Mettur dam
Mettur dam

NE monsoon may not impact already-full Mettur dam much: Expert

With south west monsoon, which gives copious rains in the Cauvery catchment areas likely to be active till this month end, a cloud of uncertainty still hangs over their continued stay in their houses.

COIMBATORE: Every time when Cauvery swells, people in villages along the river course in Namakkal slip into agony. It has become a routine for water to enter into hundreds of houses in Komarapalayam and Pallipalayam areas.

As many as 439 families comprising 1,100 people, who were displaced by floods in Cauvery, have just returned to their houses from relief camps. With south west monsoon, which gives copious rains in the Cauvery catchment areas likely to be active till this month end, a cloud of uncertainty still hangs over their continued stay in their houses.

“Life has become a struggle due to long days of flooding in Cauvery, this monsoon season. Most of us have lost our valuables, electronic items and study materials of children after our houses got inundated,” said S Arumugam from Indira Nagar in Komarapalayam.

What they now look for is a permanent solution to the issue of flooding. “After flooding in 2018, this is nearly the third time that such an issue has happened. To provide a permanent solution, the Tamil Nadu Urban Habitat Development Board has come up with a proposal to build tenements to accommodate the people staying along Cauvery River banks. The district administration has identified 520 families to be living along the river bank. They will be accommodated in 520 houses to be built as tenements, works for which will commence soon,” said Namakkal Collector Shreya P Singh.

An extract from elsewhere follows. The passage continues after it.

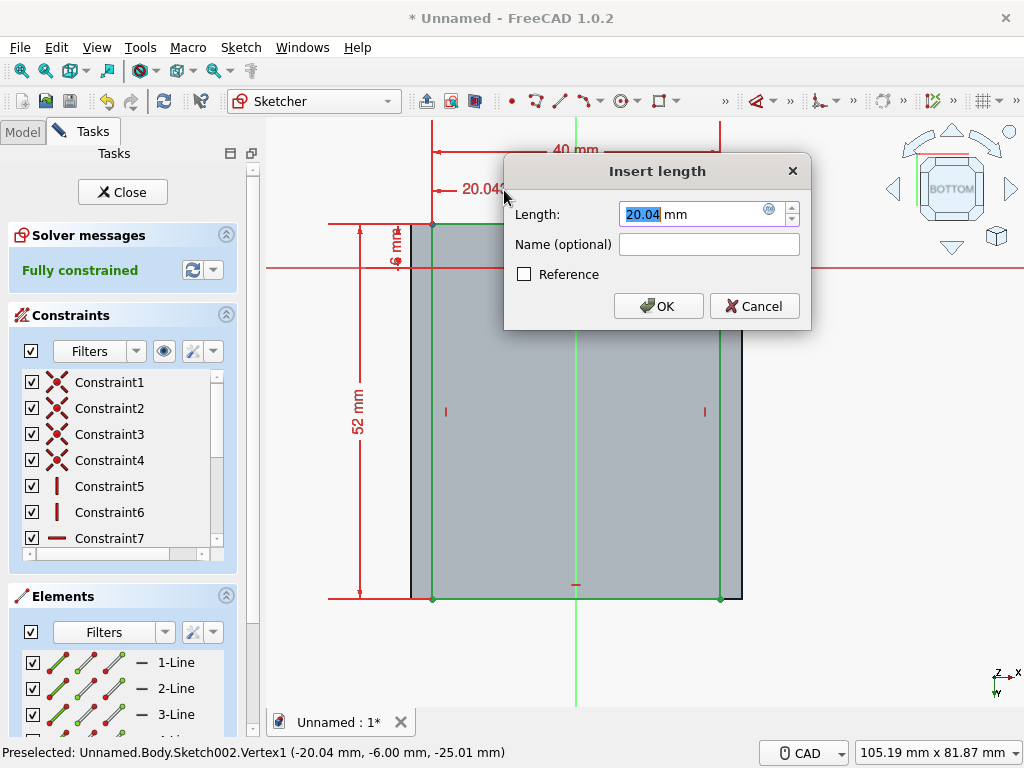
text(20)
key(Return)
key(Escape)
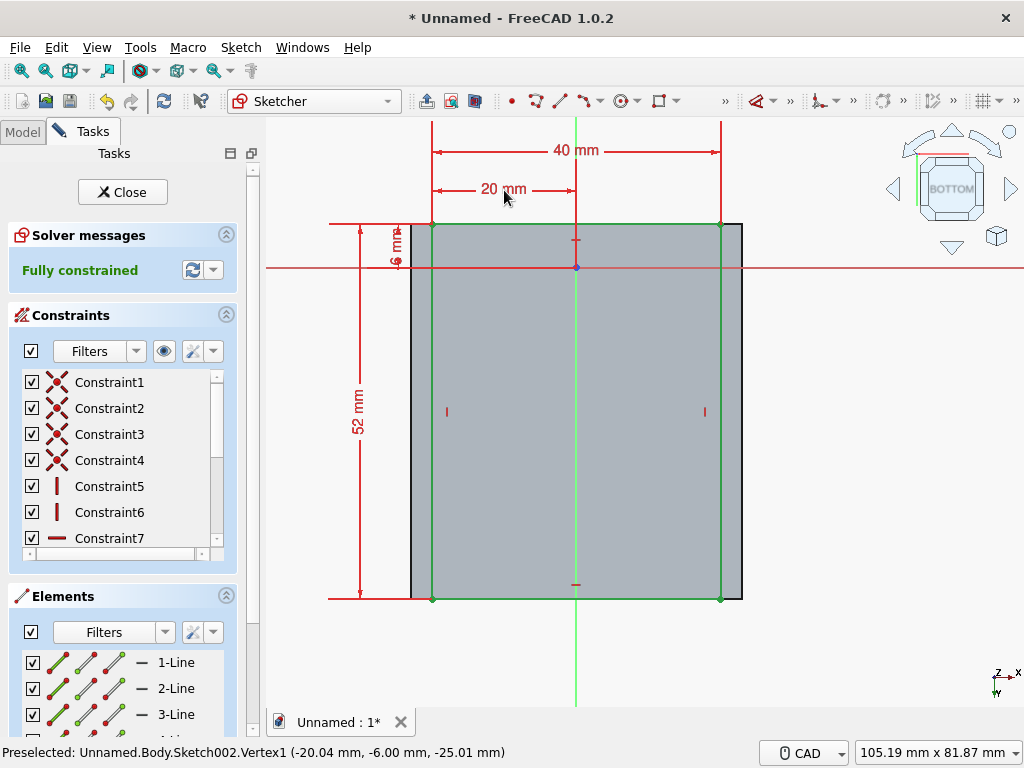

Generally, it’s the south west monsoon which causes heavy flooding in Cauvery due to copious rains in the catchment areas rather than the north east Monsoon, which brings widespread rains to Tamil Nadu. In fact, this SW monsoon has created a record of sorts too.

In the history of Stanley Reservoir in Mettur, this is the first time; the dam has discharged 360 TMC of water from June 1 till Friday (September 2), which is the maximum since its inception in 1934 resulting in heavy flooding in downstream Cauvery basin districts.

Earlier, the record discharge was in 1961, when 329 TMC was let out, while recording a highest inflow of 360 TMC. Currently, the dam has received 350 TMC so far since June 1. At this point of time, last year, the dam received an inflow of just 250 TMC and recorded a discharge of 240 TMC.

“The dam itself is depending on south west monsoon rains in Karnataka. Therefore, the inflow into the dam normally comes down during the north east monsoon season. And therefore, there will be no issues of heavy flooding during next monsoon as seen now,” said an official adding that maintenance works of the dam have been carried out routinely in good measure even if the dam is in its full reservoir level to ensure its stability.

“Meanwhile, since the onset of SW Monsoon in June 1, out of 38 districts only Kanniyakumari has recorded deficit rains of 238.2 mm as against a 30 years mean average of 373.8 mm, which is a minus 36 per cent,” said Dr SP Ramanathan, head of the Agro Climate Research Centre of Tamil Nadu Agricultural University (TNAU).

Districts such as Chengalpattu, Chennai, Kallakurichi, Kancheepuram, Tenkasi and Villupuram have received normal rains. The Nilgiris has so far received a maximum of 1,705.9 mm.

“The onset of north east monsoon depends on the retrieval of SW Monsoon,” Ramanathan added. Therefore, with the south west monsoon continuing to be still active, the administrations of Western districts are likely to roll out their plan of preparedness soon for the north east monsoon, which normally sets in around October.